Tuesday, May 21, 2013

40 Day Challenge- The Prelude

I'm so excited to report that Friday, May 17th marked the 40th day of our family's 40 day challenge!  Before I get into the "nitty-gritty" of this challenge, let me tell you how it all came to be.  Today's focus will be on the prelude.  The leading up.

April 4th-6th I attended a Homeschooling Convention in Cincinnati, Ohio.  For the week leading up to this convention I did not really feeling like going.  My husband and I were discouraged about our circumstances. We had been looking for new job opportunities for him, but any leads we explored just led to dead ends.  We had hit another "dead end" that week.  Even though I didn't really feel like attending this homeschooling conference, I knew I needed the motivation and encouragement I would find there.  So, I packed up and went.

Not even an hour after arriving at this convention center packed with thousands upon thousands of people and vendors, (in overwhelming numbers, making a "newbie" homeschooling mom even a tad bit more intimidated), God showed up and surprised me.  Over the course of the weekend His voice broke loud and clear.  And there was silence no more.

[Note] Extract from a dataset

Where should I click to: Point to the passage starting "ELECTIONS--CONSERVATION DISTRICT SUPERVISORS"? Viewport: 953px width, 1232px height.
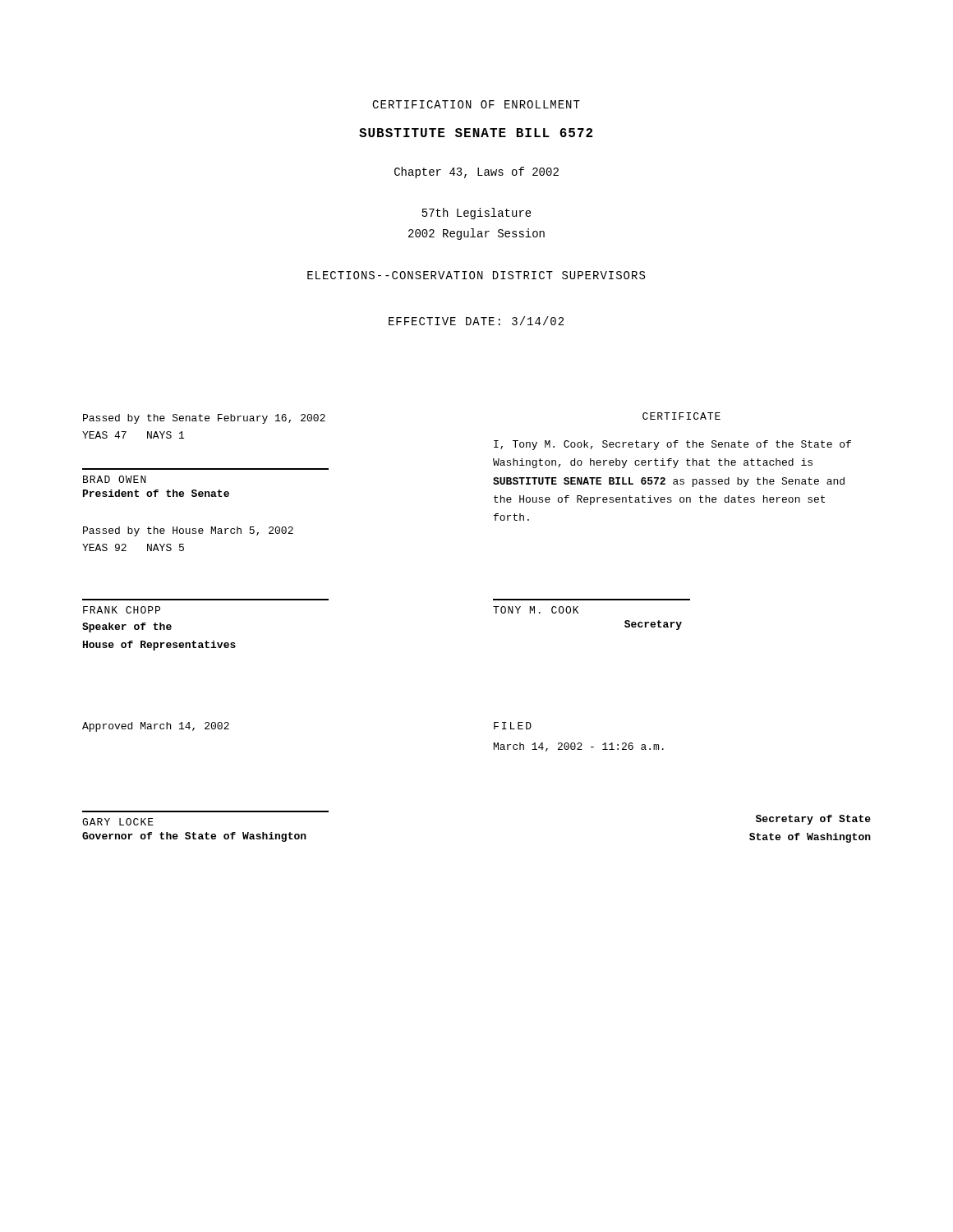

See, months prior I met an old friend of one of my friends, who was visiting her from out of state.  I had no idea this friend of a friend was a seasoned homeschooling mom.  But as we struck up a conversation that evening, it was brought to light.  I remember standing in my friend's kitchen completely engaged in conversation with her, oblivious to anything going on around me.  Her words of encouragement were timely, and I soaked them in like the noonday sun.  Before the night was over, this friend of a friend pulled me aside and asked if she could pray for me.  Her words were spot on, and she spoke certain things (about and over myself, my husband, and our family) that only the Spirit could have revealed to her.  Our chance encounter that evening seemed nothing less than God-ordained.  It moved me and brought great encouragement.

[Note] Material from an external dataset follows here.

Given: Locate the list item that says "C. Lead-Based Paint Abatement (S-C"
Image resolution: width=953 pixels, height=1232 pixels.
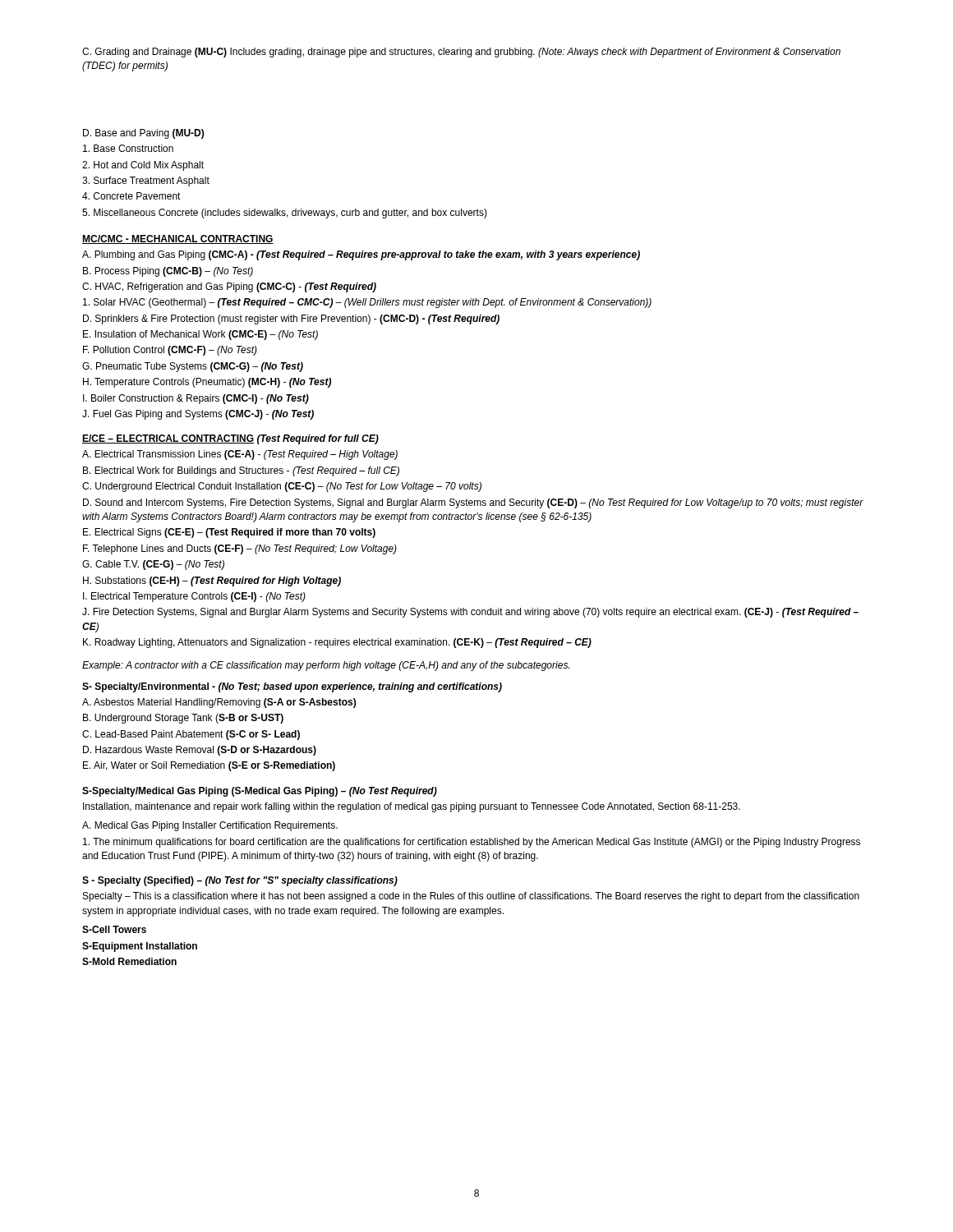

So, back to Cincinnati.  Would you believe that in a sea of thousands of people on registration day, I would be standing in one of many lines waiting to purchase a ticket to one of the offered speaking events, when I would hear a strangely familiar voice coming from somewhere behind?  I turned around in line, and directly behind me was this friend of a friend!  Who happens to live in Ohio, and happened to be attending the same convention, and happened to be in the same line looking to sell back just one ticket to the exact event I was looking to purchase just one ticket.  It was a God thing.  My heart was grinning from ear to ear as I felt His presence near.  I knew that He was giving me a personal and tangible dose of encouragement to keep focused on the work He had called me to with this homeschooling journey.  It was as if He was speaking and confirming in my heart that I was right where He wanted me to be, doing the very work He had first called me to a year prior.  He got my attention.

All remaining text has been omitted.